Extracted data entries
+ + + + + + +

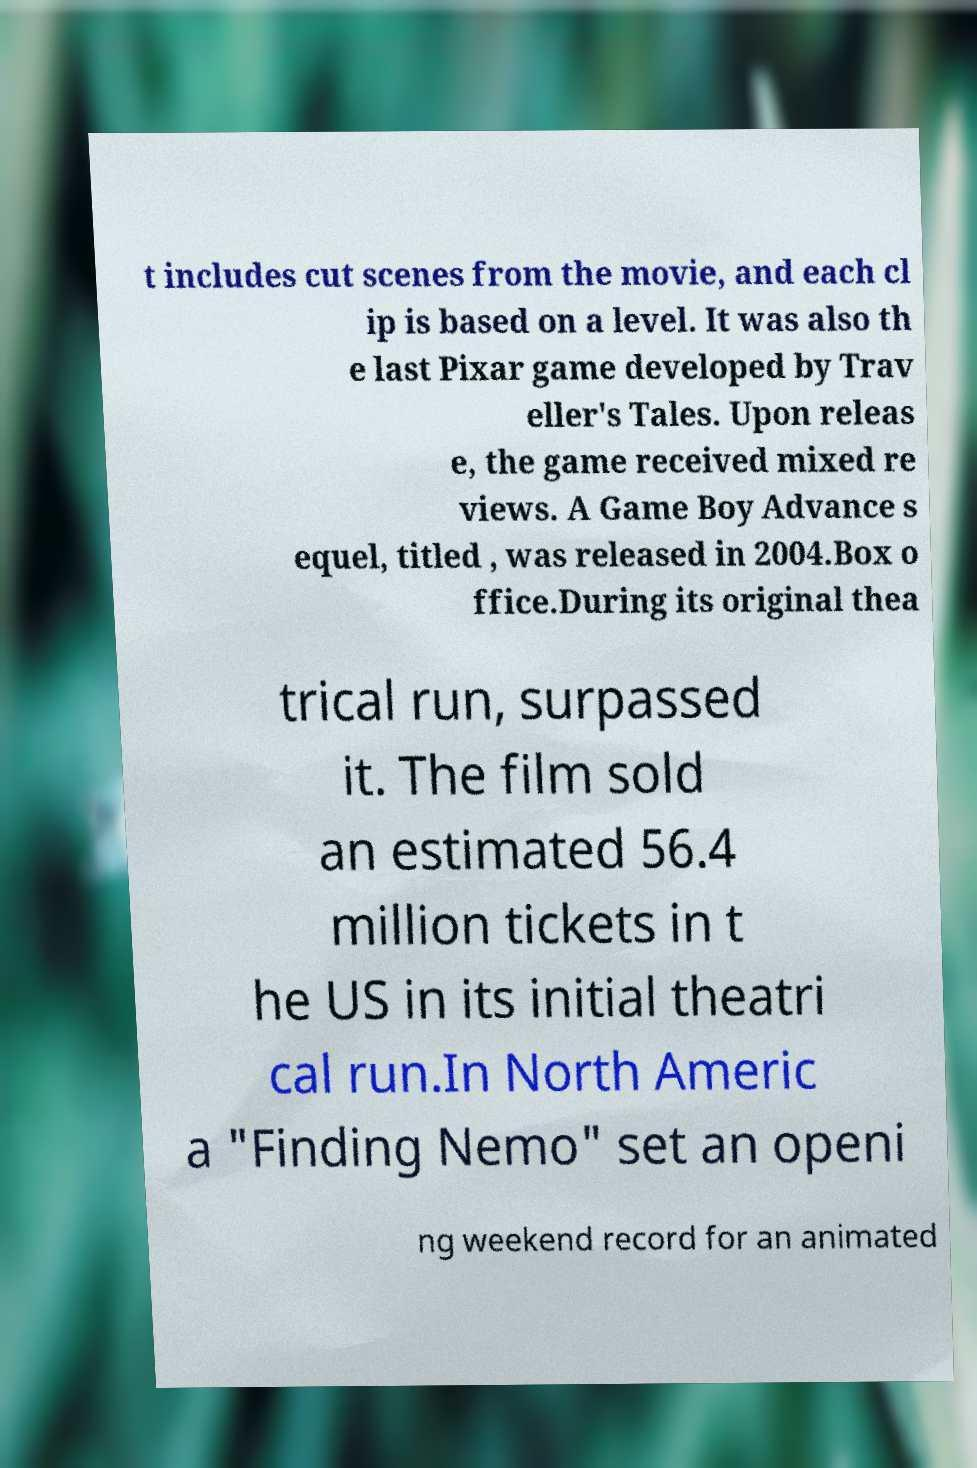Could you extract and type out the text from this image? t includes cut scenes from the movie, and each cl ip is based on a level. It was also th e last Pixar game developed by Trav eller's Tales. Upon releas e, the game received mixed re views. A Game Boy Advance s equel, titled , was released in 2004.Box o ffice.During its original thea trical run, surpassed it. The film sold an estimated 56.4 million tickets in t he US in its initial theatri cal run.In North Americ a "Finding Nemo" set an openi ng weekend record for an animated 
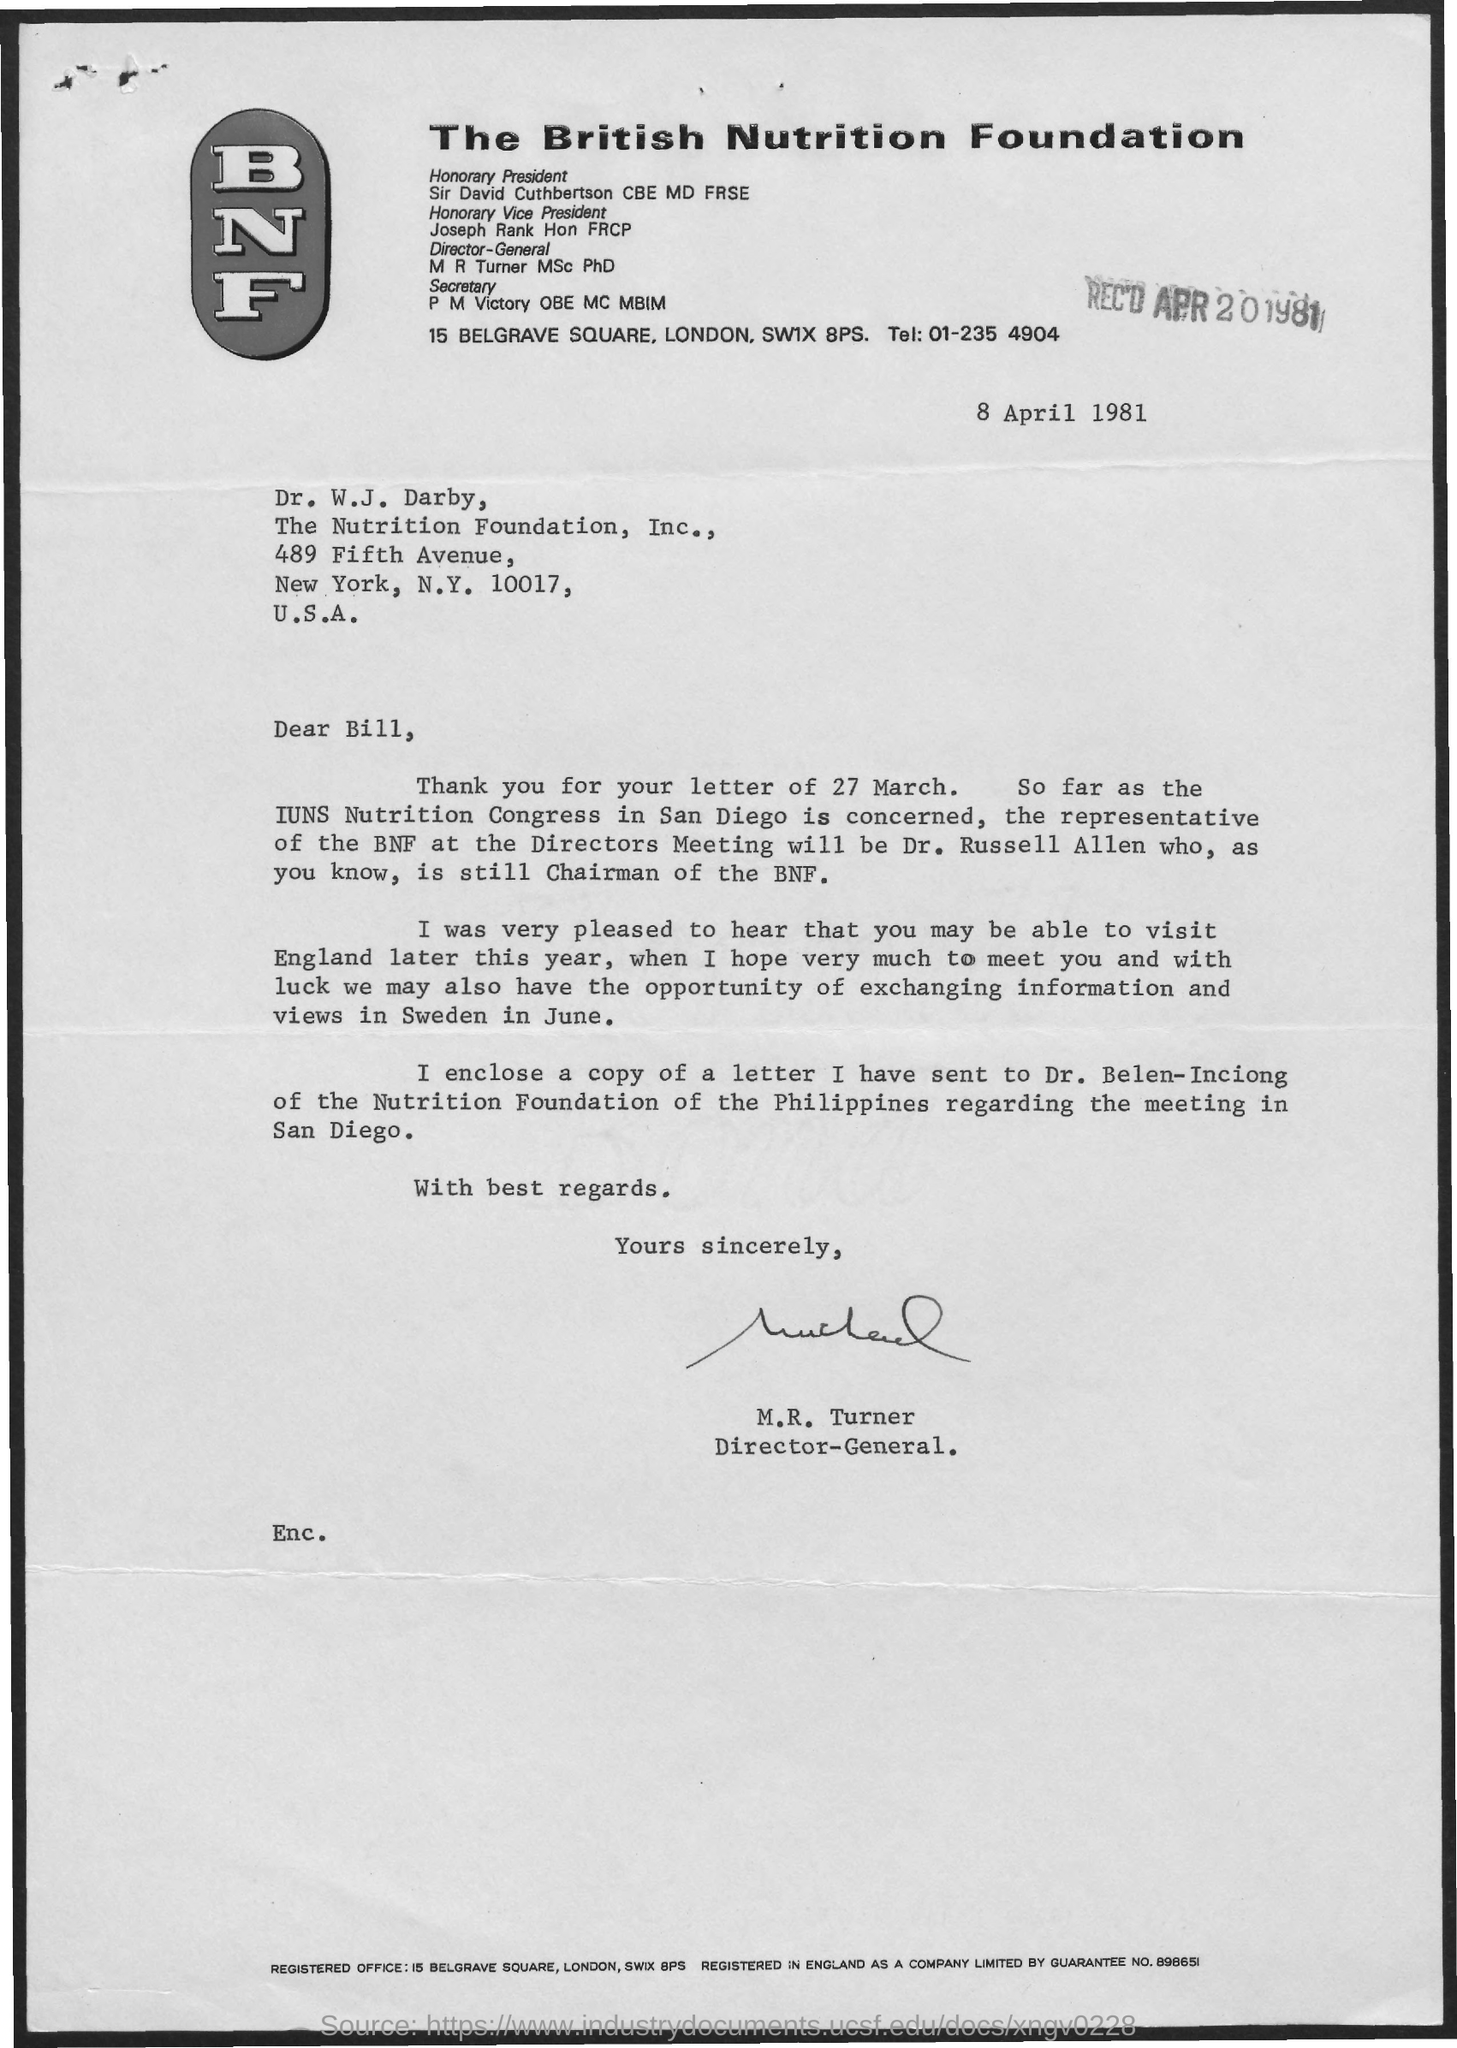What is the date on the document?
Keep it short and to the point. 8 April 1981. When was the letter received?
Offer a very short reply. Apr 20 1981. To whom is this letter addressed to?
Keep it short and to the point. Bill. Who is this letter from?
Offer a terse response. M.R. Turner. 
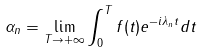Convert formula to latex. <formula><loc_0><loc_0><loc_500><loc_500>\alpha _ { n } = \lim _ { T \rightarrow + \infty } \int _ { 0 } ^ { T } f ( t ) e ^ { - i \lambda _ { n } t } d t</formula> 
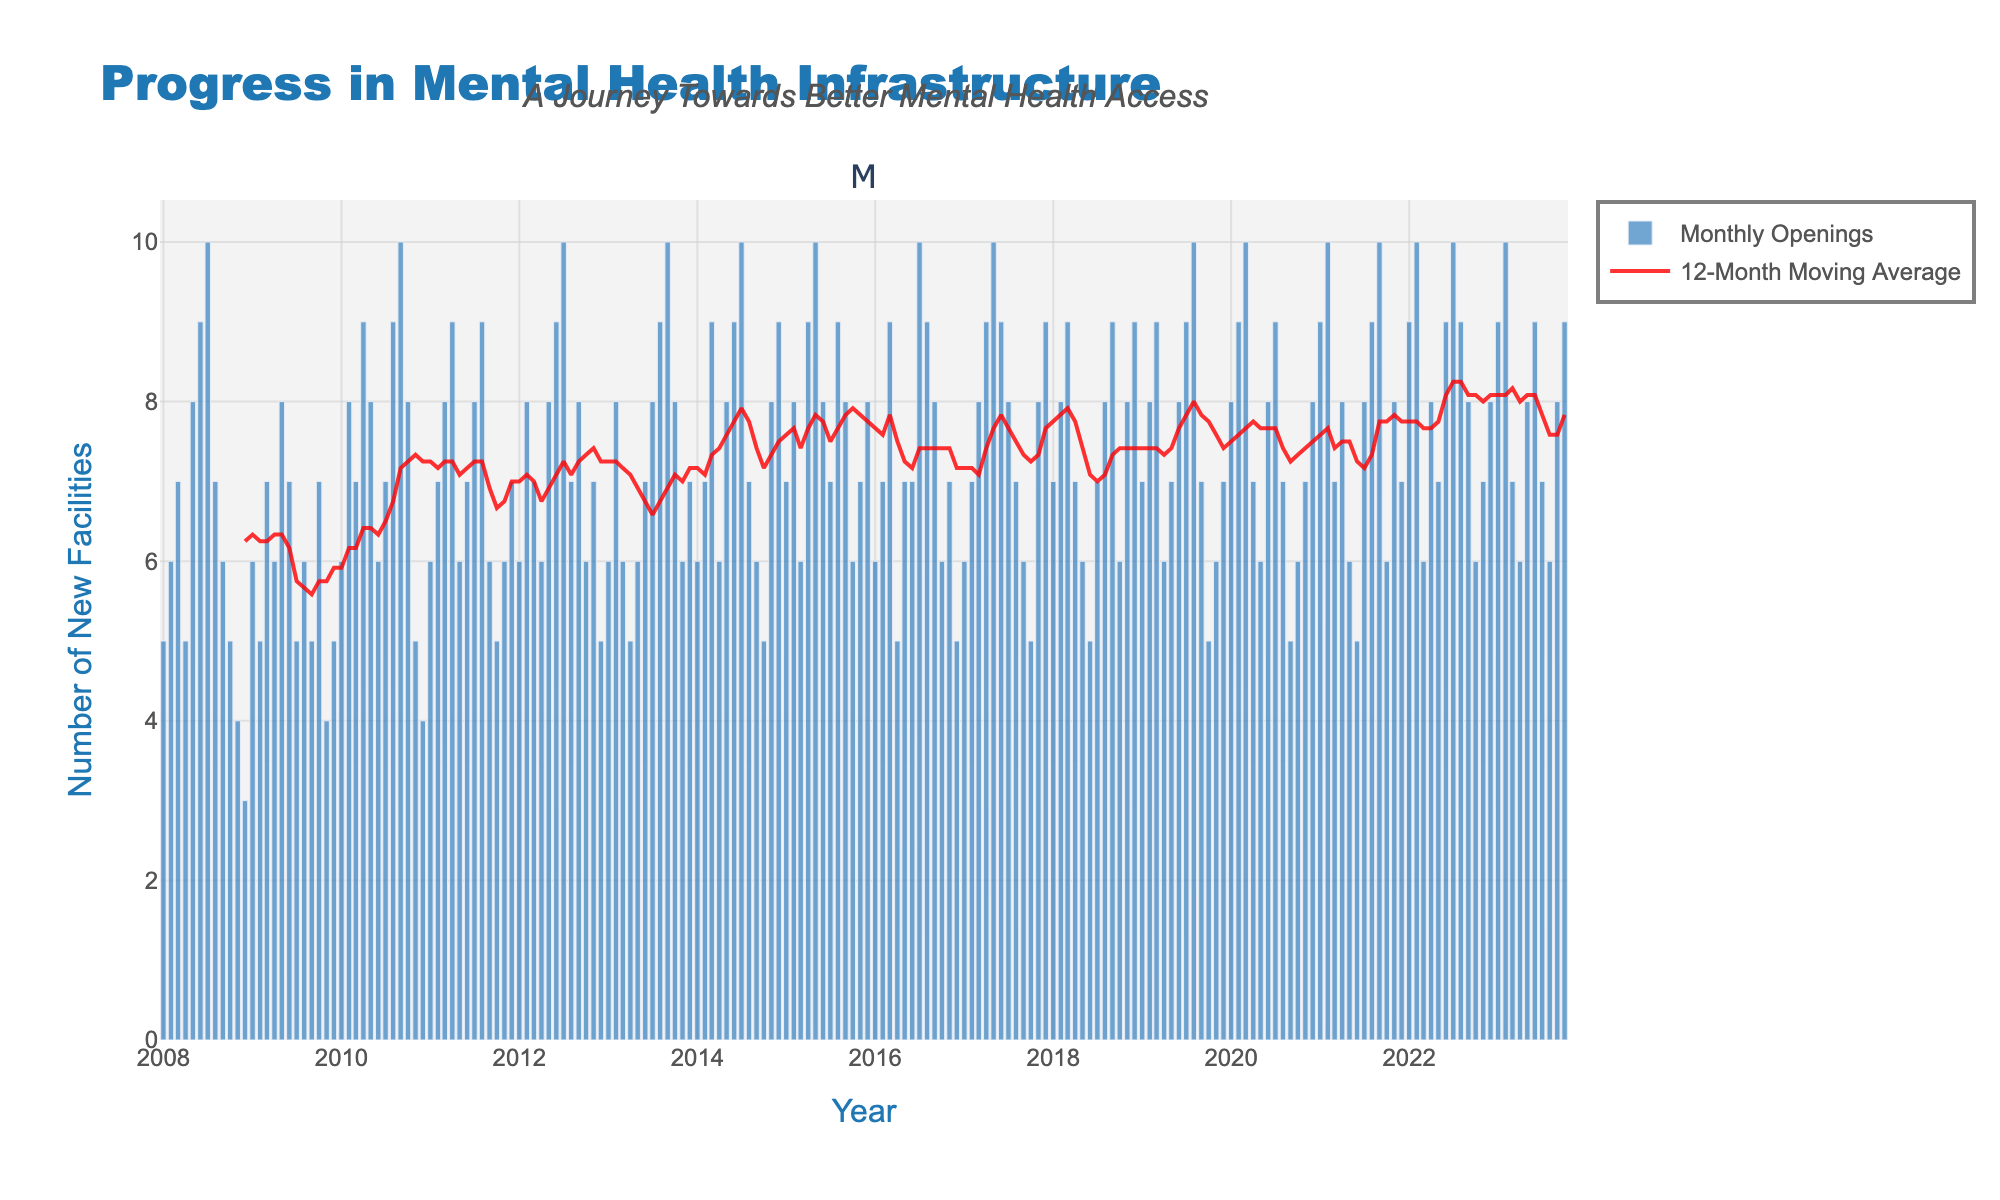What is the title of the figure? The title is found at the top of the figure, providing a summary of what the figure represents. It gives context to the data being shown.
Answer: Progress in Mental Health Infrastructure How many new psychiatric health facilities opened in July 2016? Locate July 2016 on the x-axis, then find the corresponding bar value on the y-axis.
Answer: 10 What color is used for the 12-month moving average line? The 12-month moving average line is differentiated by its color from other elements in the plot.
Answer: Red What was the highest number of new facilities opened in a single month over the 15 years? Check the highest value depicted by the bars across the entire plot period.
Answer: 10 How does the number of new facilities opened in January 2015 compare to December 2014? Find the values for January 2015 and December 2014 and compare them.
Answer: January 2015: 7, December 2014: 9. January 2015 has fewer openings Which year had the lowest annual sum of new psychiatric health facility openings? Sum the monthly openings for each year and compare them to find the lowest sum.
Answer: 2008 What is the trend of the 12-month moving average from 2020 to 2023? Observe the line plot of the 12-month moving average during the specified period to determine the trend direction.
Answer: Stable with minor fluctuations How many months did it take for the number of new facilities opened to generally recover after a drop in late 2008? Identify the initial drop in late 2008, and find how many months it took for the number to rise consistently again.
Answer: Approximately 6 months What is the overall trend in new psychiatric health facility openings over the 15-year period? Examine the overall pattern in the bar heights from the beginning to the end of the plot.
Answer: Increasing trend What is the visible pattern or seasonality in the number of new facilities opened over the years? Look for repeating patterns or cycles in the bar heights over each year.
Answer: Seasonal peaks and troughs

+ + + + + + +

TASK TO CARRY OUT >> Starting at the line above that holds "Offer a very" and ending at the line that holds "Offer a terse response. M.R. Turner.", transcribe each line exactly and include no other lines.

TASK RESPONSE >>
Offer a very short reply. Apr 20 1981. To whom is this letter addressed to?
Keep it short and to the point. Bill. Who is this letter from?
Offer a terse response. M.R. Turner. 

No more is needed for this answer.